* EXERCISE REQUIREMENTS *
Go line by line through the entries below and copy those containing the string "start".

* Stored data *
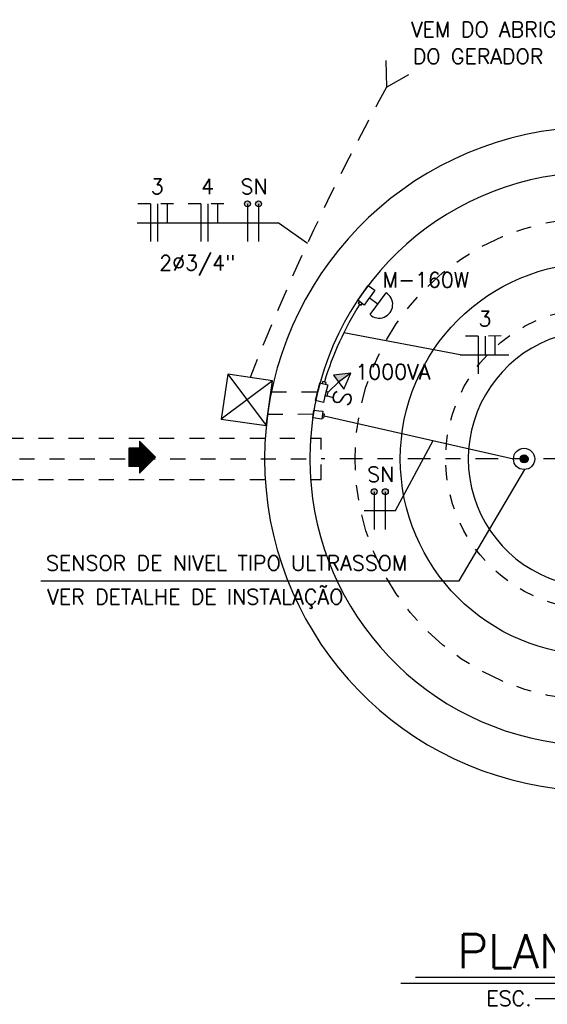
# Model space of a CAD drawing. Header units: millimetres. Extents: x 197878 to 197999, y 8707052 to 8707093.
# Tile 10 of 22: x 197883.94 to 197887.44, y 8707071.1 to 8707077.63. Entities that reach past the tile are written whole.
import ezdxf
from ezdxf.enums import TextEntityAlignment as Align

# ---------------------------------------------------------------- set-up
doc = ezdxf.new("R2010")
doc.units = ezdxf.units.MM
doc.header["$LTSCALE"] = 0.1
for name, pattern in [('DASHDOT', [1, 0.5, -0.25, 0, -0.25]), ('DASHED', [0.75, 0.5, -0.25]), ('HIDDEN', [0.375, 0.25, -0.125])]:
    doc.linetypes.add(name, pattern=pattern)
for name, color, linetype in [('BAR-EIXOS', 7, 'DASHDOT'), ('BAR-PECAS', 2, 'Continuous'), ('EIXO', 7, 'DASHDOT'), ('ELE-DUTO', 8, 'Continuous'), ('ELE_CIR', 2, 'Continuous'), ('ELE_COND', 8, 'Continuous'), ('ELE_DUTOS', 8, 'Continuous'), ('ELE_INTERRUPTOR', 8, 'Continuous'), ('ELE_LUMINÁRIA', 8, 'Continuous'), ('ELE_TOMADA', 8, 'Continuous'), ('ELE_TX_CIR', 2, 'Continuous'), ('ELE_TX_GERAL', 2, 'Continuous'), ('EPTOS200', 8, 'Continuous'), ('ESTRUTURA', 5, 'Continuous'), ('LIMHATRA', 2, 'HIDDEN'), ('TEXTO', 2, 'Continuous')]:
    doc.layers.add(name, color=color, linetype=linetype)
doc.styles.add('ROMAND', font='ROMANS.SHX', dxfattribs={"oblique": 15, "height": 800})
doc.styles.add('romans', font='romans.shx')

msp = doc.modelspace()

# ---------------------------------------------------------------- hatches: boundary and pattern name
at = {"layer": 'ELE_CIR'}
h = msp.add_hatch(color=2, dxfattribs=at)
h.paths.add_polyline_path([(197885.4299, 8707076.4085, 1), (197885.4693, 8707076.4085, 1)])
h.paths.add_polyline_path([(197885.5427, 8707076.4085, 1), (197885.5033, 8707076.4085, 1)])
h = msp.add_hatch(color=2, dxfattribs=at)
h.paths.add_polyline_path([(197886.27, 8707074.5005, 1), (197886.3094, 8707074.5005, 1)])
h.paths.add_polyline_path([(197886.3829, 8707074.5005, 1), (197886.3435, 8707074.5005, 1)])
at = {"layer": 'ELE_TOMADA', "linetype": 'Continuous'}
msp.add_hatch(color=256, dxfattribs=at).paths.add_polyline_path([(197886.1351, 8707075.2867), (197886.0188, 8707075.2738), (197886.0535, 8707075.2266)])
at = {"layer": 'EPTOS200'}
msp.add_hatch(color=256, dxfattribs=at).paths.add_polyline_path([(197887.3051, 8707074.7337, 1), (197887.2614, 8707074.7026, 1)])

# ---------------------------------------------------------------- linework, layer by layer
at = {"color": 7}
for p, q in [((197884.7574, 8707074.8104), (197884.6631, 8707074.7162)), ((197884.7591, 8707074.8086), (197884.6631, 8707074.7126)), ((197884.7609, 8707074.8068), (197884.6631, 8707074.7091)), ((197884.7331, 8707074.8346), (197884.7331, 8707074.7885)), ((197884.8392, 8707074.7285), (197884.7331, 8707074.8346)), ((197884.7432, 8707074.8245), (197884.7331, 8707074.8144)), ((197884.745, 8707074.8227), (197884.7331, 8707074.8109)), ((197884.7468, 8707074.821), (197884.7331, 8707074.8074)), ((197884.7485, 8707074.8192), (197884.7331, 8707074.8038)), ((197884.7503, 8707074.8174), (197884.7331, 8707074.8003)), ((197884.7521, 8707074.8157), (197884.7331, 8707074.7968)), ((197884.7538, 8707074.8139), (197884.7331, 8707074.7932)), ((197884.7556, 8707074.8121), (197884.7331, 8707074.7897)), ((197884.7627, 8707074.8051), (197884.6631, 8707074.7056)), ((197884.7644, 8707074.8033), (197884.6631, 8707074.702)), ((197884.7662, 8707074.8015), (197884.6631, 8707074.6985)), ((197884.768, 8707074.7998), (197884.6631, 8707074.695)), ((197884.7697, 8707074.798), (197884.6631, 8707074.6914)), ((197884.7715, 8707074.7962), (197884.6631, 8707074.6879)), ((197884.7733, 8707074.7945), (197884.6631, 8707074.6843)), ((197884.775, 8707074.7927), (197884.6631, 8707074.6808)), ((197884.7768, 8707074.7909), (197884.6631, 8707074.6773)), ((197884.7786, 8707074.7892), (197884.6631, 8707074.6737)), ((197884.6631, 8707074.7885), (197884.6631, 8707074.6685)), ((197884.732, 8707074.7885), (197884.6631, 8707074.7197)), ((197884.7249, 8707074.7885), (197884.6631, 8707074.7268)), ((197884.7108, 8707074.7885), (197884.6631, 8707074.7409)), ((197884.7178, 8707074.7885), (197884.6631, 8707074.7338)), ((197884.7143, 8707074.7885), (197884.6631, 8707074.7374)), ((197884.7072, 8707074.7885), (197884.6631, 8707074.7444)), ((197884.7214, 8707074.7885), (197884.6631, 8707074.7303)), ((197884.7284, 8707074.7885), (197884.6631, 8707074.7232)), ((197884.7331, 8707074.7885), (197884.6631, 8707074.7885)), ((197884.7037, 8707074.7885), (197884.6631, 8707074.748)), ((197884.6966, 8707074.7885), (197884.6631, 8707074.7551)), ((197884.6789, 8707074.7885), (197884.6631, 8707074.7727)), ((197884.6931, 8707074.7885), (197884.6631, 8707074.7586)), ((197884.686, 8707074.7885), (197884.6631, 8707074.7657)), ((197884.6895, 8707074.7885), (197884.6631, 8707074.7621)), ((197884.6754, 8707074.7885), (197884.6631, 8707074.7763)), ((197884.6825, 8707074.7885), (197884.6631, 8707074.7692)), ((197884.7001, 8707074.7885), (197884.6631, 8707074.7515)), ((197884.6683, 8707074.7885), (197884.6631, 8707074.7833)), ((197884.6719, 8707074.7885), (197884.6631, 8707074.7798)), ((197884.6648, 8707074.7885), (197884.6631, 8707074.7869)), ((197884.7803, 8707074.7874), (197884.6631, 8707074.6702)), ((197884.7821, 8707074.7856), (197884.665, 8707074.6685)), ((197884.7839, 8707074.7839), (197884.6685, 8707074.6685)), ((197884.7856, 8707074.7821), (197884.6721, 8707074.6685)), ((197884.7874, 8707074.7803), (197884.6756, 8707074.6685)), ((197884.7892, 8707074.7786), (197884.6791, 8707074.6685)), ((197884.7909, 8707074.7768), (197884.6827, 8707074.6685)), ((197884.7927, 8707074.775), (197884.6862, 8707074.6685)), ((197884.7945, 8707074.7733), (197884.6897, 8707074.6685)), ((197884.7963, 8707074.7715), (197884.6933, 8707074.6685)), ((197884.798, 8707074.7697), (197884.6968, 8707074.6685)), ((197884.7998, 8707074.7679), (197884.7004, 8707074.6685)), ((197884.8016, 8707074.7662), (197884.7039, 8707074.6685)), ((197884.8033, 8707074.7644), (197884.7074, 8707074.6685)), ((197884.8051, 8707074.7626), (197884.711, 8707074.6685)), ((197884.8069, 8707074.7609), (197884.7145, 8707074.6685)), ((197884.8086, 8707074.7591), (197884.718, 8707074.6685)), ((197884.8104, 8707074.7573), (197884.7216, 8707074.6685)), ((197884.8122, 8707074.7556), (197884.7251, 8707074.6685)), ((197884.8139, 8707074.7538), (197884.7286, 8707074.6685)), ((197884.8157, 8707074.752), (197884.7322, 8707074.6685)), ((197884.8175, 8707074.7503), (197884.7331, 8707074.666)), ((197884.8192, 8707074.7485), (197884.7331, 8707074.6624)), ((197884.821, 8707074.7467), (197884.7331, 8707074.6589)), ((197884.8228, 8707074.745), (197884.7331, 8707074.6553)), ((197884.8245, 8707074.7432), (197884.7331, 8707074.6518)), ((197884.8263, 8707074.7414), (197884.7331, 8707074.6483)), ((197884.8281, 8707074.7397), (197884.7331, 8707074.6447)), ((197884.8298, 8707074.7379), (197884.7331, 8707074.6412)), ((197884.8316, 8707074.7361), (197884.7331, 8707074.6377)), ((197884.8334, 8707074.7344), (197884.7331, 8707074.6341)), ((197884.8351, 8707074.7326), (197884.7331, 8707074.6306)), ((197884.8369, 8707074.7308), (197884.7331, 8707074.6271)), ((197884.8387, 8707074.7291), (197884.7331, 8707074.6235)), ((197884.8392, 8707074.7285), (197884.7331, 8707074.6225)), ((197884.7331, 8707074.6685), (197884.6631, 8707074.6685)), ((197884.7331, 8707074.6685), (197884.7331, 8707074.6225))]:
    msp.add_line(p, q, dxfattribs=at)
at = {"layer": 'BAR-EIXOS', "color": 7}
msp.add_line((197882.9378, 8707074.7181), (197885.9378, 8707074.7181), dxfattribs=at)
at = {"layer": 'BAR-PECAS', "color": 7, "linetype": 'HIDDEN', "ltscale": 4}
for p, q in [((197883.2642, 8707074.8551), (197885.9378, 8707074.8551)), ((197885.9378, 8707074.5811), (197885.9378, 8707074.8551)), ((197883.2642, 8707074.5811), (197885.9378, 8707074.5811))]:
    msp.add_line(p, q, dxfattribs=at)
at = {"layer": 'EIXO', "color": 7, "ltscale": 3}
msp.add_line((197888.4621, 8707074.7181), (197885.9378, 8707074.7181), dxfattribs=at)
msp.add_circle((197887.7628, 8707074.7181), 1.6, dxfattribs=at)
at = {"layer": 'ELE-DUTO'}
msp.add_lwpolyline([(197886.3669, 8707077.3585), (197886.3715, 8707077.1823), (197886.5191, 8707077.2658)], dxfattribs=at)
at = {"layer": 'ELE-DUTO', "linetype": 'DASHED'}
for points in [[(197885.6084, 8707075.1637), (197885.9158, 8707075.1637)], [(197885.5836, 8707075.0152), (197885.8862, 8707075.0159)]]:
    msp.add_lwpolyline(points, dxfattribs=at)
at = {"layer": 'ELE-DUTO', "linetype": 'DASHED', "ltscale": 3}
msp.add_arc((197900.8166, 8707069.2199), 16.4943, 151.13578, 158.52901, dxfattribs=at)
at = {"layer": 'ELE-DUTO', "linetype": 'Continuous', "ltscale": 3}
msp.add_arc((197887.9613, 8707074.6271), 2.0901, 147.73284, 163.28518, dxfattribs=at)
at = {"layer": 'ELE_CIR', "color": 2}
for p, q in [((197884.8069, 8707076.4086), (197884.7229, 8707076.4083)), ((197884.8069, 8707076.4086), (197884.8068, 8707076.1586)), ((197884.8525, 8707076.4086), (197884.8524, 8707076.1586)), ((197884.9593, 8707076.4092), (197884.8753, 8707076.4088)), ((197884.9173, 8707076.409), (197884.9172, 8707076.2836)), ((197885.1414, 8707076.4086), (197885.0574, 8707076.4083)), ((197885.1414, 8707076.4086), (197885.1413, 8707076.1586)), ((197885.1869, 8707076.4086), (197885.1868, 8707076.1586)), ((197885.2937, 8707076.4092), (197885.2097, 8707076.4088)), ((197885.2517, 8707076.409), (197885.2511, 8707076.2836)), ((197885.4496, 8707076.4085), (197885.4494, 8707076.1585)), ((197885.523, 8707076.4085), (197885.5229, 8707076.1585)), ((197884.7191, 8707076.2839), (197885.6536, 8707076.2839)), ((197886.9789, 8707075.5323), (197886.8949, 8707075.5319)), ((197886.9789, 8707075.5323), (197886.9788, 8707075.2822)), ((197887.0244, 8707075.5323), (197887.0244, 8707075.4076)), ((197887.1312, 8707075.5328), (197887.0472, 8707075.5325)), ((197887.0892, 8707075.5327), (197887.0891, 8707075.4072)), ((197886.2897, 8707074.5005), (197886.2896, 8707074.2505)), ((197886.3632, 8707074.5005), (197886.363, 8707074.2505))]:
    msp.add_line(p, q, dxfattribs=at)
for points in [[(197885.8465, 8707076.145), (197885.6536, 8707076.2839)], [(197886.8593, 8707075.4076), (197886.0878, 8707075.5537)], [(197886.8593, 8707075.4076), (197886.8593, 8707075.4076), (197887.1824, 8707075.4076)], [(197886.4303, 8707074.3755), (197886.6801, 8707074.8393)], [(197886.2229, 8707074.3755), (197886.2229, 8707074.3755), (197886.4303, 8707074.3755)]]:
    msp.add_lwpolyline(points, dxfattribs=at)
for centre in [(197885.4496, 8707076.4085), (197885.523, 8707076.4085), (197886.2897, 8707074.5005), (197886.3632, 8707074.5005)]:
    msp.add_circle(centre, 0.0197, dxfattribs=at)
at = {"layer": 'ELE_COND', "linetype": 'Continuous'}
for points in [[(197886.2474, 8707075.7718), (197886.2231, 8707075.7381), (197886.2231, 8707075.7381), (197886.2231, 8707075.7381), (197886.18, 8707075.7692), (197886.2502, 8707075.8666), (197886.2933, 8707075.8355), (197886.2735, 8707075.808), (197886.2735, 8707075.808), (197886.2429, 8707075.7656), (197886.2429, 8707075.7656)], [(197885.963, 8707075.1331), (197885.9532, 8707075.0928), (197885.9532, 8707075.0928), (197885.9532, 8707075.0928), (197885.9015, 8707075.1054), (197885.93, 8707075.222), (197885.9816, 8707075.2094), (197885.9736, 8707075.1765), (197885.9736, 8707075.1765), (197885.9612, 8707075.1257), (197885.9612, 8707075.1257)], [(197885.9494, 8707075.0335), (197885.9494, 8707075.0335), (197885.9494, 8707075.0335), (197885.9494, 8707075.0335), (197885.9417, 8707074.9809), (197885.8824, 8707074.9896), (197885.8901, 8707075.0422), (197885.9236, 8707075.0373), (197885.9236, 8707075.0373), (197885.9494, 8707075.0335), (197885.9494, 8707075.0335)]]:
    msp.add_lwpolyline(points, dxfattribs=at)
for points in [[(197886.19, 8707075.7618), (197886.1824, 8707075.7511), (197886.2024, 8707075.7369), (197886.21, 8707075.7476)], [(197885.9475, 8707075.2312), (197885.9444, 8707075.2185), (197885.9682, 8707075.2126), (197885.9714, 8707075.2253)], [(197885.9707, 8707075.1645), (197885.9641, 8707075.1376), (197885.9772, 8707075.1344), (197885.9837, 8707075.1614)], [(197885.9437, 8707074.9932), (197885.9567, 8707074.9914), (197885.9601, 8707075.0157), (197885.9471, 8707075.0175)]]:
    msp.add_lwpolyline(points, close=True, dxfattribs=at)
at = {"layer": 'ELE_DUTOS', "linetype": 'Continuous'}
msp.add_lwpolyline([(197885.9584, 8707075.0035), (197887.2128, 8707074.7181)], dxfattribs=at)
at = {"layer": 'ELE_INTERRUPTOR', "linetype": 'ByBlock'}
msp.add_lwpolyline([(197885.9774, 8707075.1355), (197886.0186, 8707075.1255)], dxfattribs=at)
at = {"layer": 'ELE_LUMINÁRIA', "linetype": 'Continuous'}
for p, q in [((197886.2582, 8707075.7868), (197886.3143, 8707075.7461)), ((197886.2618, 8707075.6744), (197886.368, 8707075.8196))]:
    msp.add_line(p, q, dxfattribs=at)
msp.add_arc((197886.3219, 8707075.7419), 0.0903, 228.27869, 59.34152, dxfattribs=at)
at = {"layer": 'ELE_TOMADA', "linetype": 'Continuous'}
msp.add_line((197885.9837, 8707075.1614), (197886.0535, 8707075.2266), dxfattribs=at)
msp.add_lwpolyline([(197886.0882, 8707075.1795), (197886.1351, 8707075.2867), (197886.0188, 8707075.2738)], close=True, dxfattribs=at)
msp.add_lwpolyline([(197886.1351, 8707075.2867), (197886.0535, 8707075.2266)], dxfattribs=at)
at = {"layer": 'ELE_TX_GERAL', "color": 2, "linetype": 'Continuous'}
for p, q in [((197886.8535, 8707073.9103), (197887.2874, 8707074.6478)), ((197884.0793, 8707073.9105), (197886.8535, 8707073.9103))]:
    msp.add_line(p, q, dxfattribs=at)
at = {"layer": 'EPTOS200'}
msp.add_lwpolyline([(197885.2756, 8707074.9819), (197885.5725, 8707074.939), (197885.6154, 8707075.2359), (197885.3185, 8707075.2788)], close=True, dxfattribs=at)
for points in [[(197885.3185, 8707075.2788), (197885.5725, 8707074.939)], [(197885.6154, 8707075.2359), (197885.2756, 8707074.9819)]]:
    msp.add_lwpolyline(points, dxfattribs=at)
for radius in [0.0705, 0.0268]:
    msp.add_circle((197887.2832, 8707074.7181), radius, dxfattribs=at)
at = {"layer": 'ESTRUTURA', "color": 7}
msp.add_circle((197887.7628, 8707074.7181), 1.3, dxfattribs=at)
for radius, start, end in [(2.2, 13.80607, 346.19393), (1.9, 16.04187, 343.95956), (0.85, 43.13667, 316.86333)]:
    msp.add_arc((197887.7628, 8707074.7181), radius, start, end, dxfattribs=at)
at = {"layer": 'LIMHATRA', "color": 7, "ltscale": 3.5}
msp.add_circle((197887.7628, 8707074.7181), 1, dxfattribs=at)
at = {"layer": 'TEXTO', "color": 7, "ltscale": 0.3}
for p, q in [((197889.0491, 8707071.2401), (197886.467, 8707071.2401)), ((197888.9614, 8707071.2798), (197886.5642, 8707071.2798)), ((197887.3575, 8707071.1416), (197888.1512, 8707071.1416))]:
    msp.add_line(p, q, dxfattribs=at)

# ---------------------------------------------------------------- texts
at = {"layer": 'ELE_INTERRUPTOR', "lineweight": -3, "style": 'romans'}
msp.add_text('S', height=0.1169, rotation=256.29896, dxfattribs=at).set_placement((197886.0322, 8707075.1832))
at = {"layer": 'ELE_TX_CIR', "linetype": 'Continuous', "lineweight": -3, "style": 'romans'}
msp.add_text('2%%C3/4"', height=0.1, dxfattribs=at).set_placement((197884.8645, 8707075.9678))
at = {"layer": 'ELE_TX_CIR', "color": 2, "linetype": 'Continuous', "char_height": 0.1, "attachment_point": 4, "style": 'romans'}
for s, insert in [('3', (197884.8084, 8707076.5239)), ('4', (197885.1428, 8707076.5239)), ('SN', (197885.4035, 8707076.5238)), ('3', (197886.9803, 8707075.6476)), ('SN', (197886.2436, 8707074.6158))]:
    msp.add_mtext(s, dxfattribs=dict(at, insert=insert))
at = {"layer": 'ELE_TX_GERAL', "color": 2, "linetype": 'Continuous', "style": 'romans'}
for s, p in [('VEM DO ABRIGO ', (197887.0973, 8707077.5647)), (' DO GERADOR', (197886.9438, 8707077.3858))]:
    msp.add_text(s, height=0.1, dxfattribs=at).set_placement(p, align=Align.MIDDLE)
for s, p in [('M-160W', (197886.3453, 8707075.855)), ('1000VA', (197886.1646, 8707075.2454))]:
    msp.add_text(s, height=0.1, dxfattribs=at).set_placement(p)
at = {"layer": 'ELE_TX_GERAL', "color": 2, "linetype": 'Continuous', "char_height": 0.1, "attachment_point": 4, "style": 'romans'}
for s, insert in [('SENSOR DE NIVEL TIPO ULTRASSOM ', (197884.1143, 8707074.0276)), ('VER DETALHE DE INSTALAÇÃO', (197884.1224, 8707073.7897))]:
    msp.add_mtext(s, dxfattribs=dict(at, insert=insert))
at = {"layer": 'TEXTO', "color": 7, "ltscale": 0.3}
for s, height, style, p in [('PLANTA - 1', 0.225, 'ROMAND', (197887.7579, 8707071.4549)), ('ESC.           1:50', 0.1, 'romans', (197887.7563, 8707071.1416))]:
    msp.add_text(s, height=height, rotation=0, dxfattribs=dict(at, style=style)).set_placement(p, align=Align.MIDDLE)

doc.saveas('drawing.dxf')

* SOLUTION BELOW *
for radius, start, end in [(2.2, 13.80607, 346.19393), (1.9, 16.04187, 343.95956), (0.85, 43.13667, 316.86333)]:
    msp.add_arc((197887.7628, 8707074.7181), radius, start, end, dxfattribs=at)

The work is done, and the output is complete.